4. **Transformer Layers**:
   - The combined embeddings are passed through multiple transformer layers. Each layer consists of a multi-head self-attention mechanism followed by position-wise feed-forward neural networks.
   - The output of each layer is passed to the next, allowing the model to build increasingly complex representations.

### Connecting Sentences

- BERT can handle pairs of sentences by including a `[SEP]` token to differentiate between them.
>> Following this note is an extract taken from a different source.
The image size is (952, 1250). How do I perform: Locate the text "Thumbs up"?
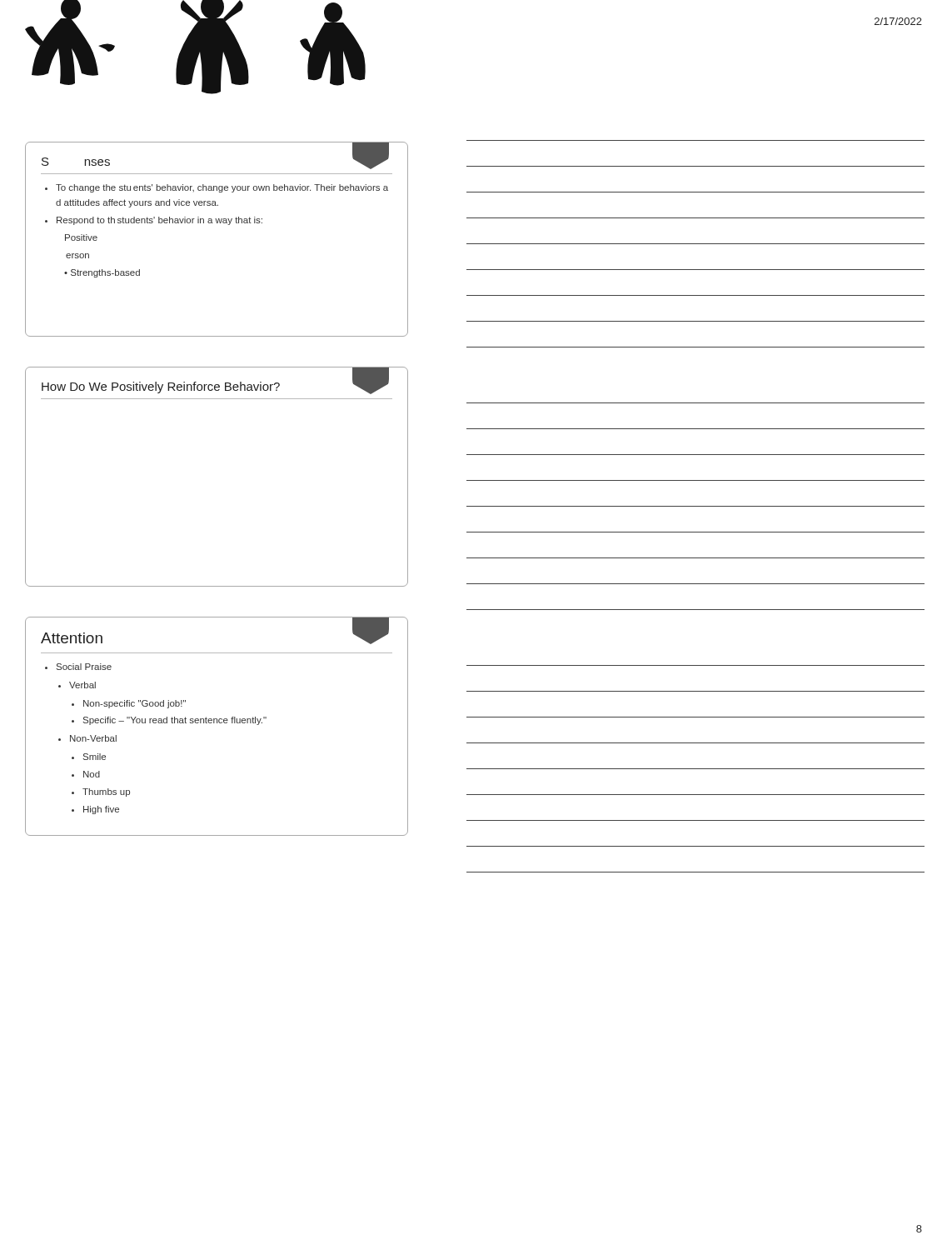click(x=106, y=791)
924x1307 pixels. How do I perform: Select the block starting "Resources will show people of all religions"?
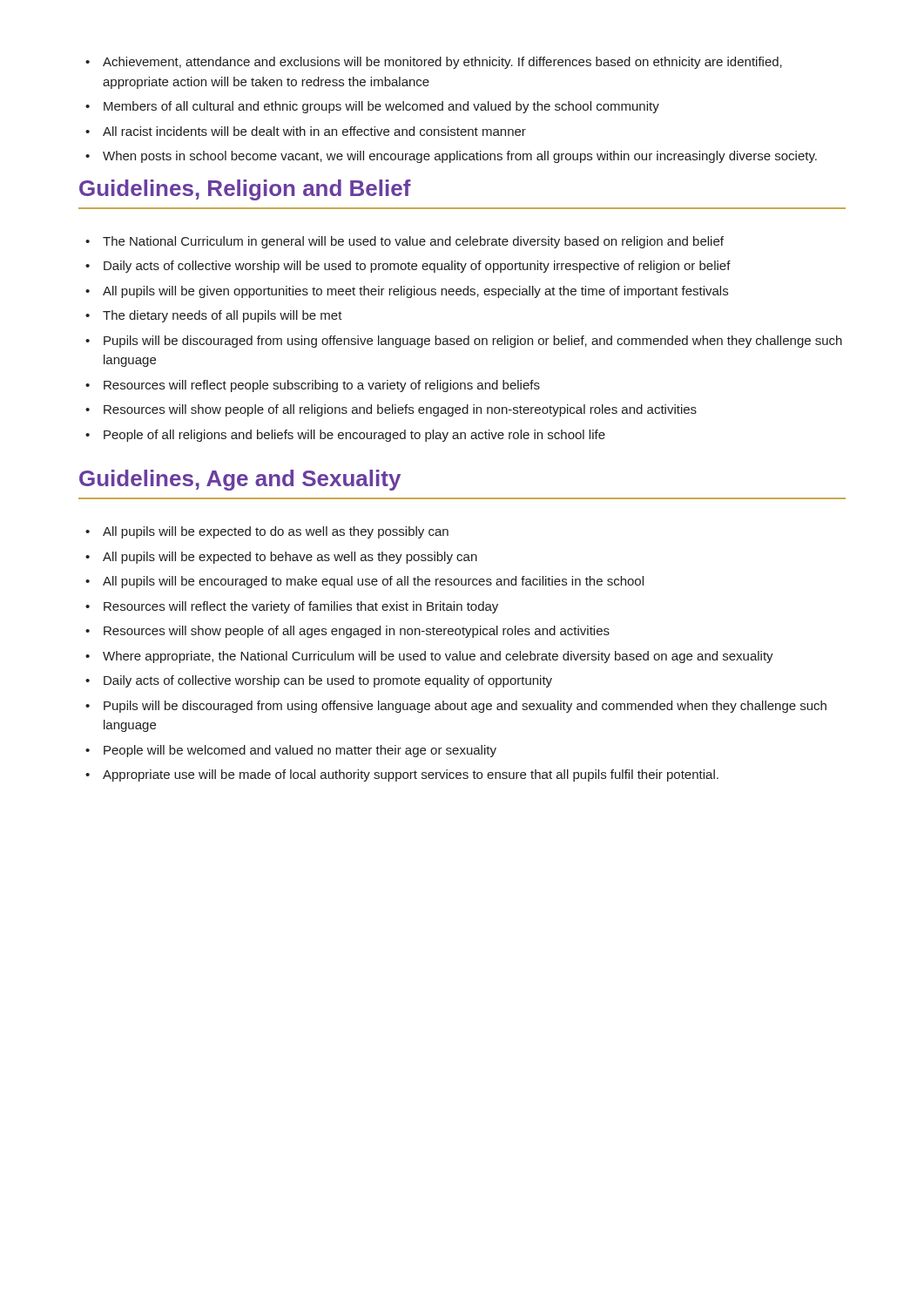(400, 409)

During training for tasks like Question Answering or Next Sentence Prediction, it learns to understand the relationship between these sentences.

   Example:
   ```
   Sentence A: "How are you?"
   Sentence B: "I am fine."
   Tokenized: ['[CLS]', 'how', 'are', 'you', '?', '[SEP]', 'i', 'am', 'fine', '.', '[SEP]']
   ```

### Integration into Neural Networks

**Using BERT in Downstream Tasks**:

1. **Feature Extraction**:
   - BERT can be used as a fixed feature extractor where the encoded representations of the input text are taken from a specific layer and used in downstream tasks.
   - The `[CLS]` token's representation is often used as a summary of the entire sequence for classification tasks.

   Example:
   ```
   Encoded Representation: [v_CLS, v_how, v_are, v_you, v_?, v_SEP, v_i, v_am, v_fine, v_.]
   ```

2. **Fine-Tuning**:
   - BERT can be fine-tuned for specific tasks by adding task-specific layers on top of the pre-trained model and training the entire architecture.
   - For classification, a dense layer followed by a softmax layer can be added on top of the `[CLS]` token's output.

   Example:
   ```
   Model Architecture:
   Input: [CLS] How are you? [SEP] I am fine. [SEP]
   BERT Encoder Layers
   Output (of [CLS] token): v_CLS
   Dense Layer: Dense(v_CLS)
   Softmax Layer: Softmax(Dense(v_CLS))
   ```

### Examples

1. **Single Sentence Encoding**:
   - Input: "The quick brown fox."
   - Tokenized: ['[CLS]', 'the', 'quick', 'brown', 'fox', '.', '[SEP]']
   - Embedding + Self-Attention -> Encoded Representation

2. **Sentence Pair Encoding**:
   - Input: "What is your name?" "My name is BERT."
   - Tokenized: ['[CLS]', 'what', 'is', 'your', 'name', '?', '[SEP]', 'my', 'name', 'is', 'bert', '.', '[SEP]']
   - Embedding + Self-Attention -> Encoded Representation

### Conclusion

BERT's ability to read text bidirectionally and its use of transformers for self-attention allows it to create rich, contextual representations of text. These encoded representations can be used as features in downstream tasks or fine-tuned with additional layers to improve performance on specific tasks.